Оказалось, что Вдяков уже много лет занимается спиритизмом, так что может считаться, по его словам, медиумом. Познакомившись некоторое время назад, по чистой случайности, с драматургом, он нашел его в состоянии уныния, вызванного смертью жены. Вдяков, выступивший, по его выражению, в роли «врачевателя ран», намекнул, конечно, со всей возможной деликатностью, на существующую возможность общения с умершей. Драматург некоторое время колебался и суеверно оттягивал этот, вызывающий сомнения, опыт. Однако в конце концов недоверие было преодолено, и первая попытка оказалась удачной. Определенные особенности разговора, до боли знакомые словечки и обороты речи, характер интонаций и другие приметы, присущие жене драматурга, вкупе с подробностями биографии, о которых Вдяков никак не мог знать, окончательно убедили драматурга, что он снова общается со своей умершей супругой. Сеансы повторялись, делались все более и более частыми, их отсутствие вскоре начало ощущаться драматургом болезненно, так что через некоторое время драматург предложил Вдякову проводить теплые месяцы года у него на даче, разумеется, совершенно бесплатно. Таким образом сверхъестественное общение сделалось ежедневным, постепенно утратило все аксессуары таинственного обряда (ночное время, окружающая тьма, горящие свечи, глухо зашторенные окна, благоговейная тишина) и стало обыденностью, чем-то вроде чаепития или прогулки.
Вдяков указал нам, что мы должны, держа руки на весу, слегка прикоснутся кончиками пальцев к донцу блюдца, к его несколько шершавому нижнему ободку, где кроваво ветвились несколько красных иероглифов, напоминающих отчасти раздавленных насекомых. Сначала нам казалось, что мы не сможем длительное время держать руки на весу, не опираясь локтями о стол и в то же время не опираясь кончиками пальцев на край блюдца. Однако впоследствии мы убедились, что это не так трудно, как нам почудилось вначале. Или же возбуждение, которым мы были охвачены, перечеркнуло все телесные неудобства. Наконец все присутствующие, сидящие вокруг стола, протянули руки к блюдцу, находящемуся в центральной окружности, и почти что коснулись его подушечками пальцев. И драматург, не повышая голоса, просто и несколько печально спросил: «Лиза, ты здесь?»

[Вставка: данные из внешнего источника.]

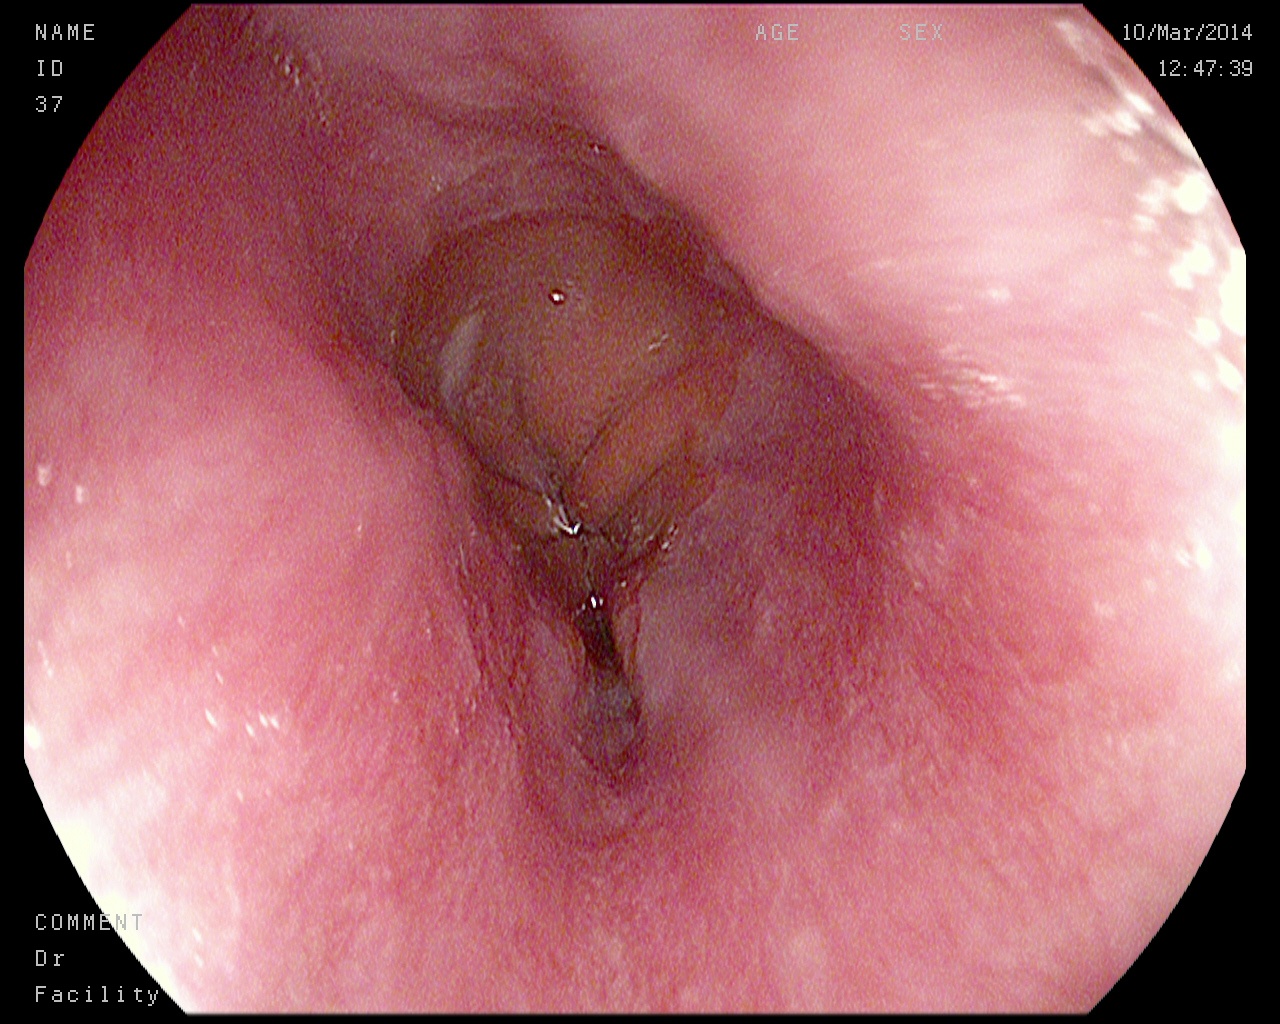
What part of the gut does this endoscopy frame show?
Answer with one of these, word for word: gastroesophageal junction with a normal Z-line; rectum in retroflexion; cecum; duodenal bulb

gastroesophageal junction with a normal Z-line

Блюдце тут же двинулось по бумаге с легким невесомым шорохом. Признаться, мы, настроенные отчего-то на долгое благоговейное ожидание, были одновременно испуганы и несколько разочарованы этим быстрым откликом блюдца. Стремительно, как нам показалось, переползая от одной буквы к другой, блюдце вывело слово «Давно». До нас не сразу дошел леденящий смысл этого высказывания – она д а в н о присутствовала в комнате. Несмотря на испуг, кто-то из нас нервно рассмеялся.
Не станем отрицать, что мы были смущены и растеряны. С одной стороны, наше любопытство было чрезвычайно возбуждено, а ощущение, испытанное нами при первом движении блюдца (мы совершенно отчетливо почувствовали его внутреннюю наполненность, почувствовали, как электризуются наши слегка дрожащие пальцы, находящиеся в тревожном общении с невесомым, но сильным энергетическим сгустком), было весьма сильным. С другой стороны, мы все еще обладали некоторой внутренней отстраненностью, которой весьма дорожили и которую боялись потерять, вступив в непосредственный диалог с блюдцем. Нам казалось, это могло быть воспринято как своего рода капитуляция. Кем воспринято? Самим блюдцем? И перед чем, собственно говоря, капитуляция? Какая еще капитуляция?